[Entries taken from a collection]
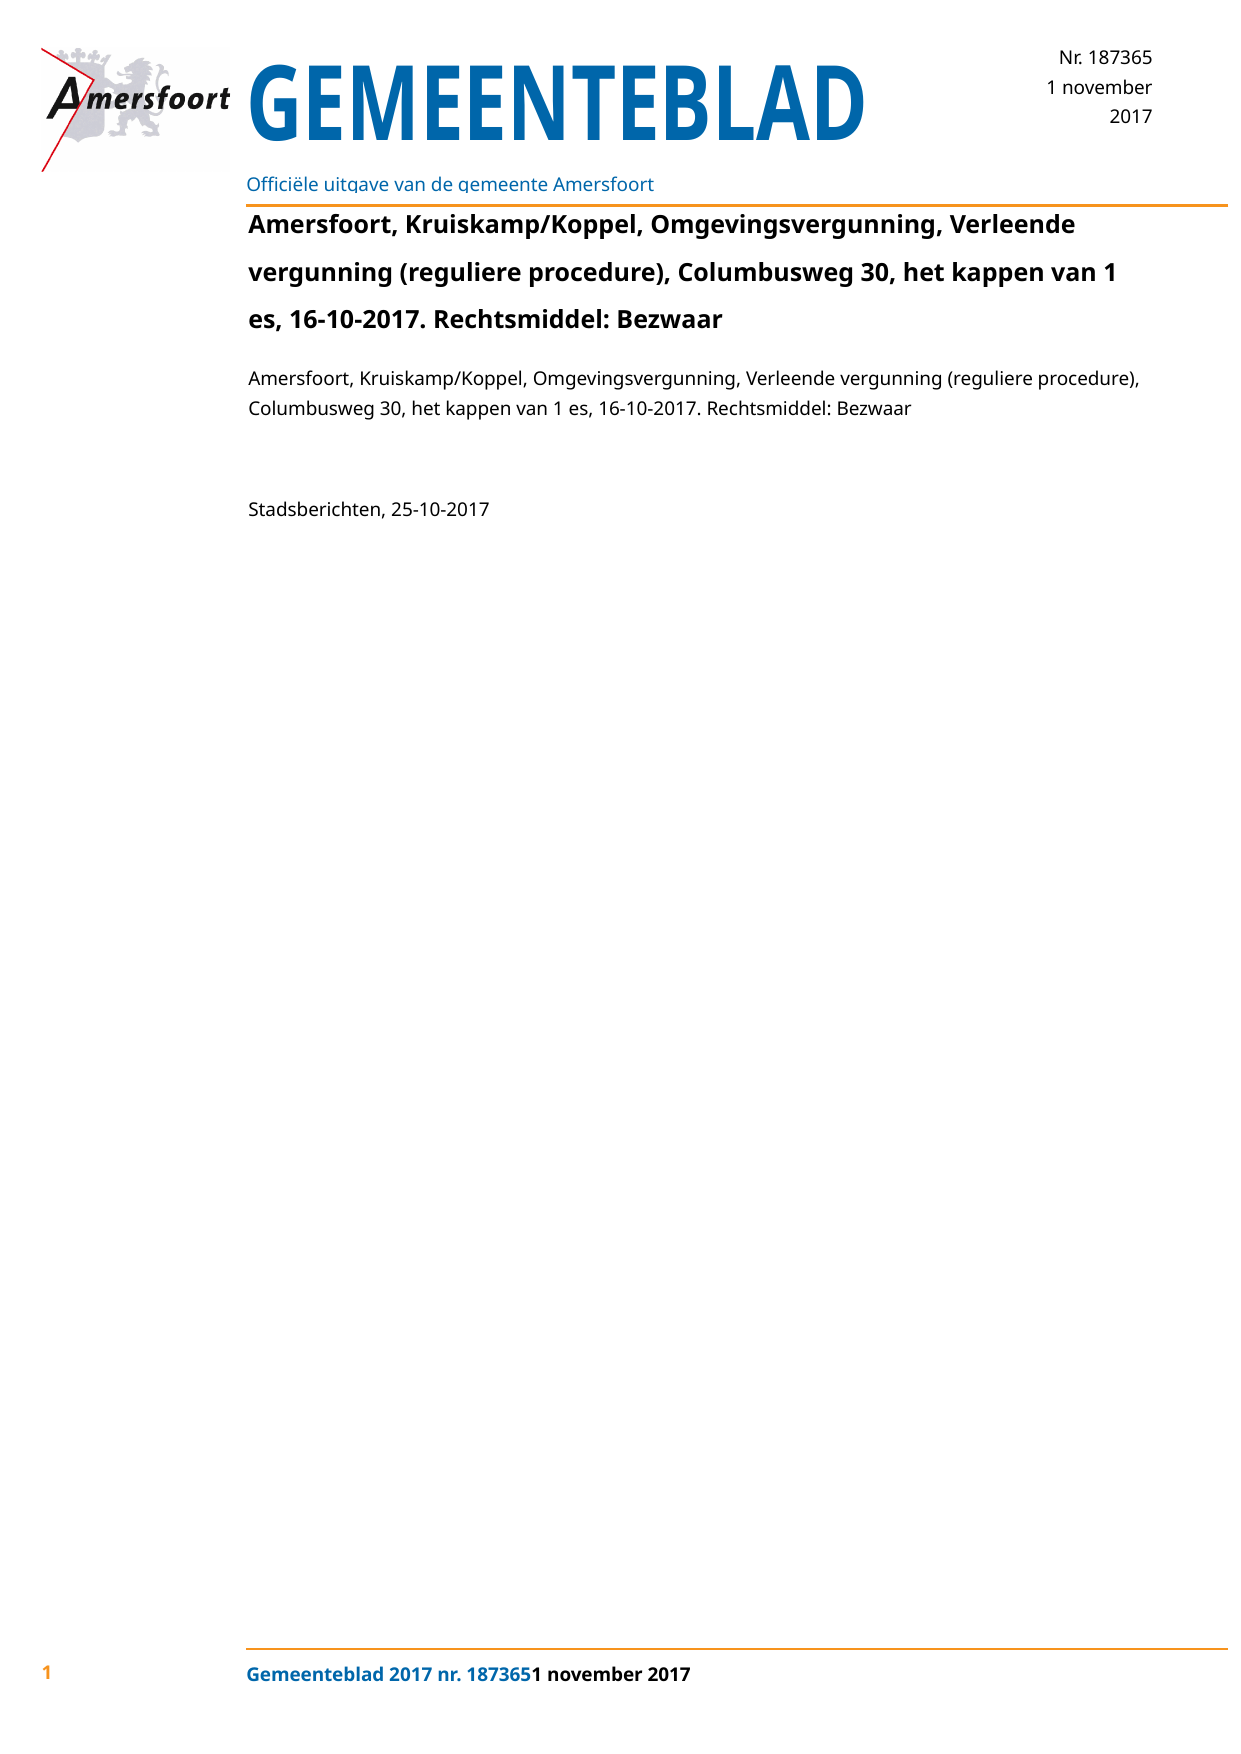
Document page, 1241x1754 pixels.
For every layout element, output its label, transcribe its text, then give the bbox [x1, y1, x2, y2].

picture [41, 47, 231, 172]
text Amersfoort, Kruiskamp/Koppel, Omgevingsvergunning, Verleende vergunning (reguliere procedure), Columbusweg 30, het kappen van 1 es, 16-10-2017. Rechtsmiddel: Bezwaar [248, 207, 1152, 336]
text Stadsberichten, 25-10-2017 [248, 496, 1152, 522]
text Amersfoort, Kruiskamp/Koppel, Omgevingsvergunning, Verleende vergunning (reguliere procedure), Columbusweg 30, het kappen van 1 es, 16-10-2017. Rechtsmiddel: Bezwaar [248, 366, 1152, 421]
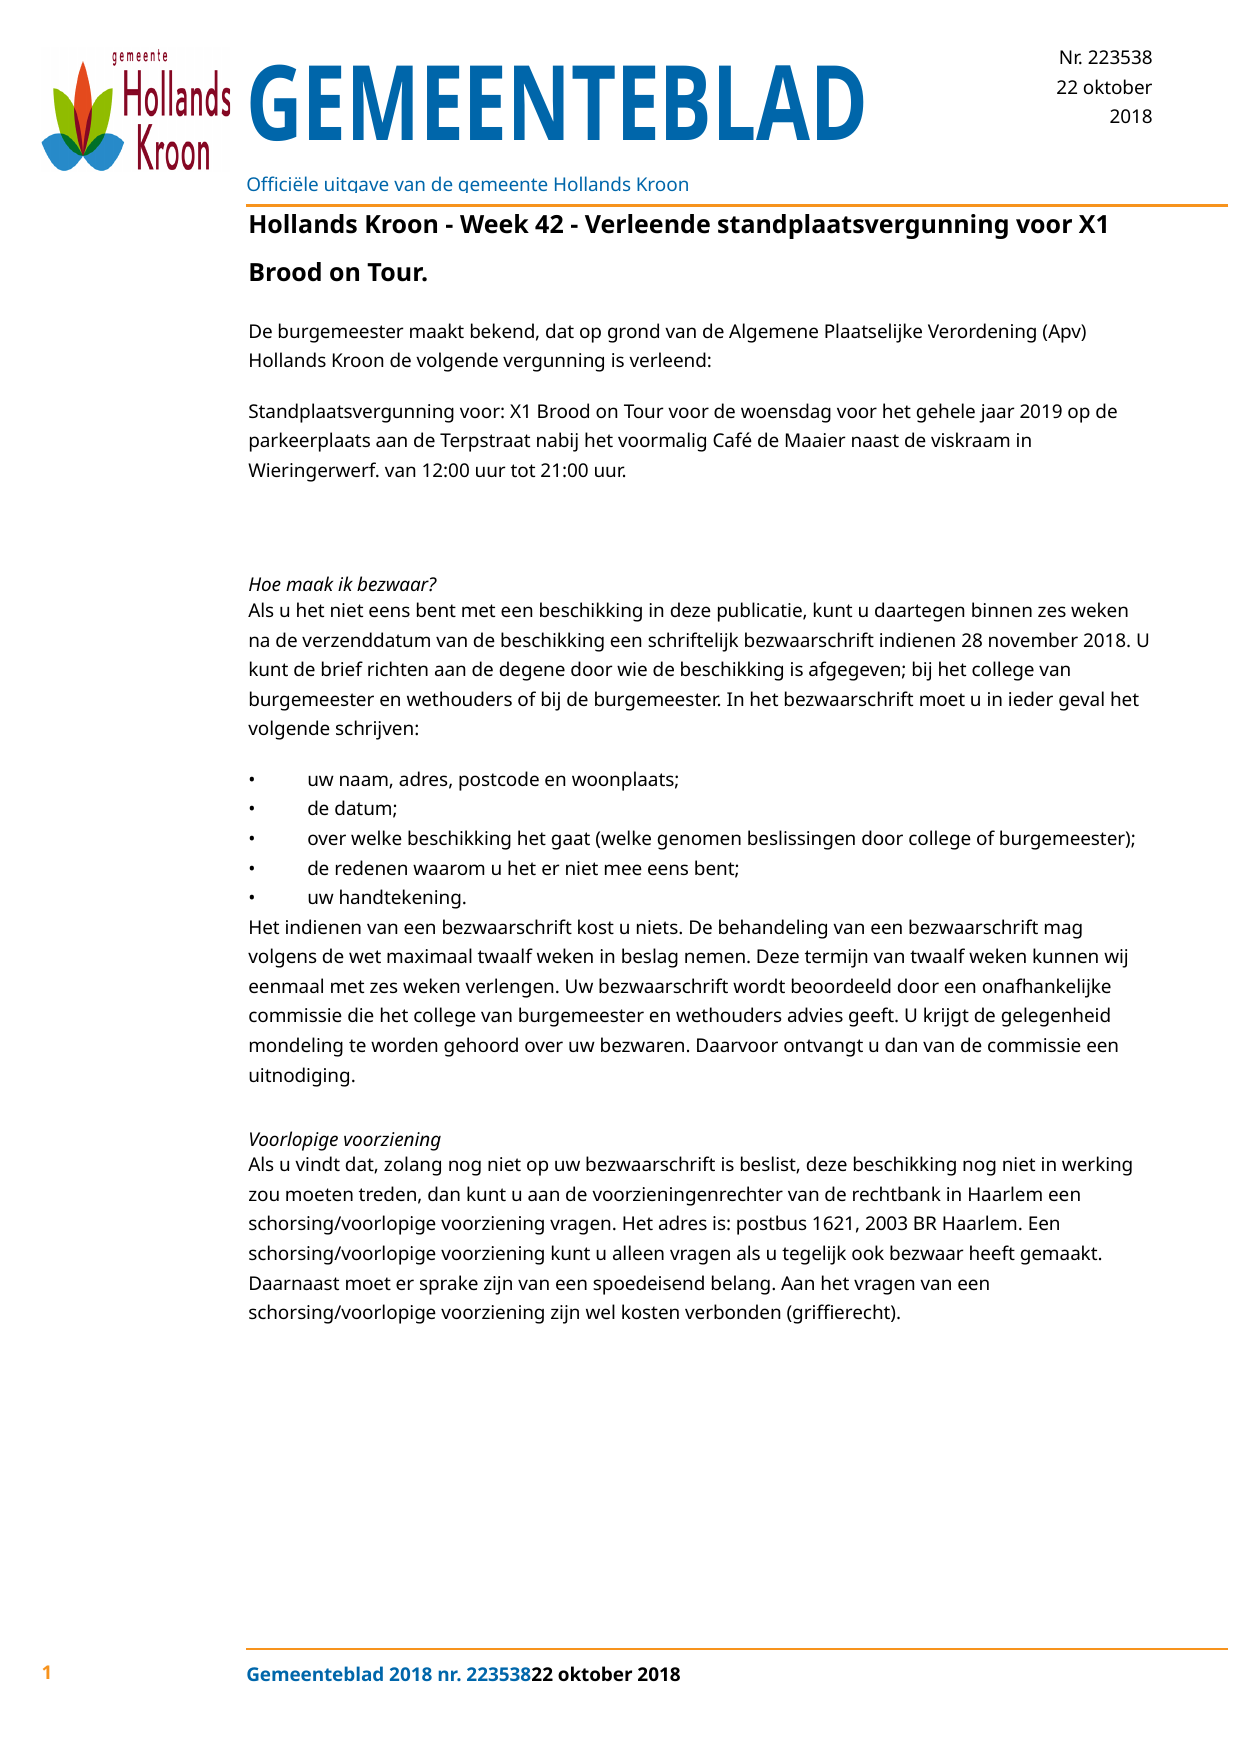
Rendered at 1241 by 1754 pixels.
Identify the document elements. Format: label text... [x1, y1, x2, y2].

list uw handtekening. [248, 884, 1152, 910]
text Als u het niet eens bent met een beschikking in deze publicatie, kunt u daartegen binnen zes weken na de verzenddatum van de beschikking een schriftelijk bezwaarschrift indienen 28 november 2018. U kunt de brief richten aan de degene door wie de beschikking is afgegeven; bij het college van burgemeester en wethouders of bij de burgemeester. In het bezwaarschrift moet u in ieder geval het volgende schrijven: [248, 597, 1152, 741]
text Als u vindt dat, zolang nog niet op uw bezwaarschrift is beslist, deze beschikking nog niet in werking zou moeten treden, dan kunt u aan de voorzieningenrechter van de rechtbank in Haarlem een schorsing/voorlopige voorziening vragen. Het adres is: postbus 1621, 2003 BR Haarlem. Een schorsing/voorlopige voorziening kunt u alleen vragen als u tegelijk ook bezwaar heeft gemaakt. Daarnaast moet er sprake zijn van een spoedeisend belang. Aan het vragen van een schorsing/voorlopige voorziening zijn wel kosten verbonden (griffierecht). [248, 1151, 1152, 1325]
list de redenen waarom u het er niet mee eens bent; [248, 855, 1152, 880]
text De burgemeester maakt bekend, dat op grond van de Algemene Plaatselijke Verordening (Apv) Hollands Kroon de volgende vergunning is verleend: [248, 318, 1152, 373]
text Hoe maak ik bezwaar? [248, 571, 1152, 597]
text Standplaatsvergunning voor: X1 Brood on Tour voor de woensdag voor het gehele jaar 2019 op de parkeerplaats aan de Terpstraat nabij het voormalig Café de Maaier naast de viskraam in Wieringerwerf. van 12:00 uur tot 21:00 uur. [248, 398, 1152, 483]
list over welke beschikking het gaat (welke genomen beslissingen door college of burgemeester); [248, 825, 1152, 851]
list de datum; [248, 796, 1152, 821]
list uw naam, adres, postcode en woonplaats; [248, 766, 1152, 792]
text Het indienen van een bezwaarschrift kost u niets. De behandeling van een bezwaarschrift mag volgens de wet maximaal twaalf weken in beslag nemen. Deze termijn van twaalf weken kunnen wij eenmaal met zes weken verlengen. Uw bezwaarschrift wordt beoordeeld door een onafhankelijke commissie die het college van burgemeester en wethouders advies geeft. U krijgt de gelegenheid mondeling te worden gehoord over uw bezwaren. Daarvoor ontvangt u dan van de commissie een uitnodiging. [248, 914, 1152, 1087]
picture [41, 47, 231, 172]
text Voorlopige voorziening [248, 1126, 1152, 1151]
text Hollands Kroon - Week 42 - Verleende standplaatsvergunning voor X1 Brood on Tour. [248, 207, 1152, 288]
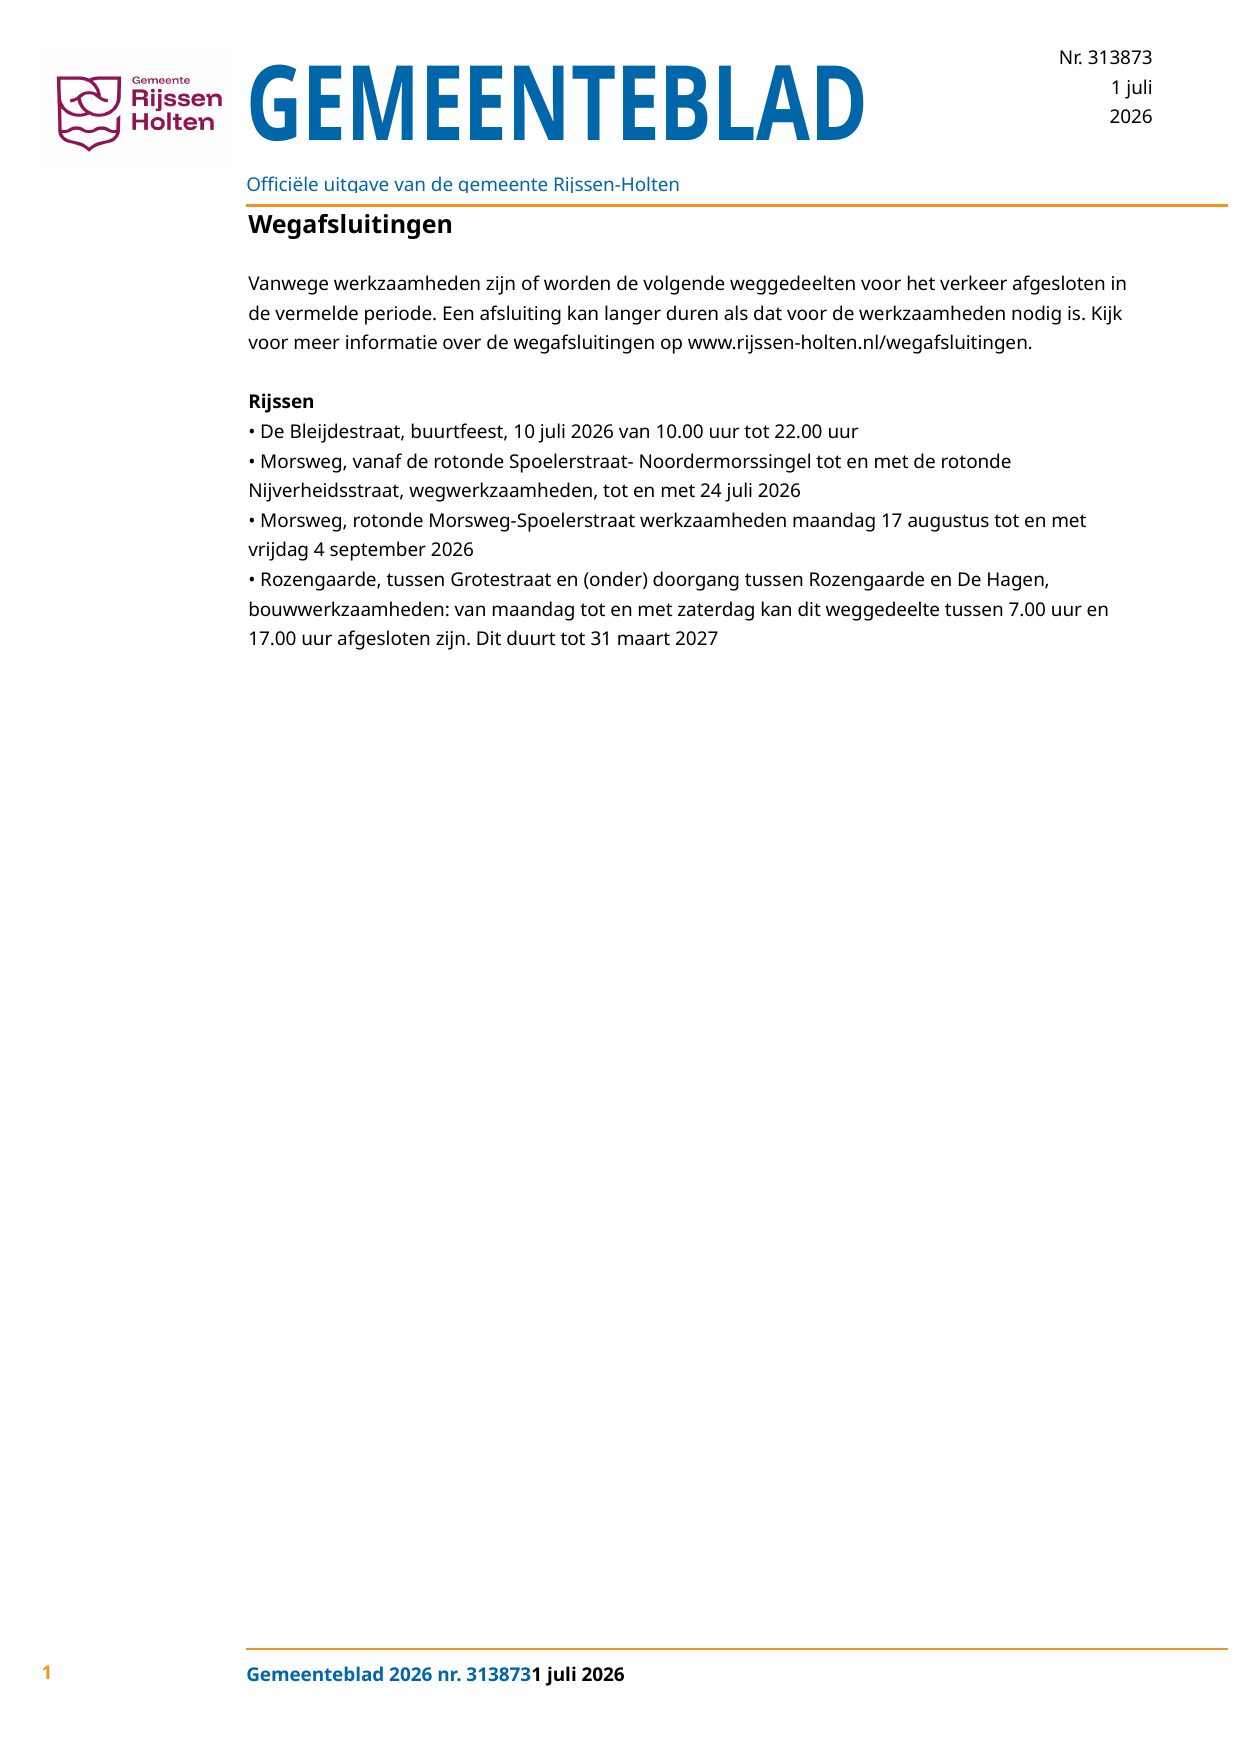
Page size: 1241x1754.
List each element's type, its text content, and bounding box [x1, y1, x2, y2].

text • De Bleijdestraat, buurtfeest, 10 juli 2026 van 10.00 uur tot 22.00 uur [248, 418, 1152, 444]
text Vanwege werkzaamheden zijn of worden de volgende weggedeelten voor het verkeer afgesloten in de vermelde periode. Een afsluiting kan langer duren als dat voor de werkzaamheden nodig is. Kijk voor meer informatie over de wegafsluitingen op www.rijssen-holten.nl/wegafsluitingen. [248, 270, 1152, 355]
text Rijssen [248, 389, 1152, 414]
text • Rozengaarde, tussen Grotestraat en (onder) doorgang tussen Rozengaarde en De Hagen, bouwwerkzaamheden: van maandag tot en met zaterdag kan dit weggedeelte tussen 7.00 uur en 17.00 uur afgesloten zijn. Dit duurt tot 31 maart 2027 [248, 566, 1152, 651]
picture [41, 47, 231, 172]
text • Morsweg, vanaf de rotonde Spoelerstraat- Noordermorssingel tot en met de rotonde Nijverheidsstraat, wegwerkzaamheden, tot en met 24 juli 2026 [248, 448, 1152, 503]
text • Morsweg, rotonde Morsweg-Spoelerstraat werkzaamheden maandag 17 augustus tot en met vrijdag 4 september 2026 [248, 507, 1152, 562]
text Wegafsluitingen [248, 207, 1152, 241]

[PROBLEM TO WORK ON] Could you find every line in the records above that contains the word "Hollands" and copy it?

[PROBLEM SOLUTION]
text De burgemeester maakt bekend, dat op grond van de Algemene Plaatselijke Verordening (Apv) Hollands Kroon de volgende vergunning is verleend: [248, 318, 1152, 373]
text Hollands Kroon - Week 42 - Verleende standplaatsvergunning voor X1 Brood on Tour. [248, 207, 1152, 288]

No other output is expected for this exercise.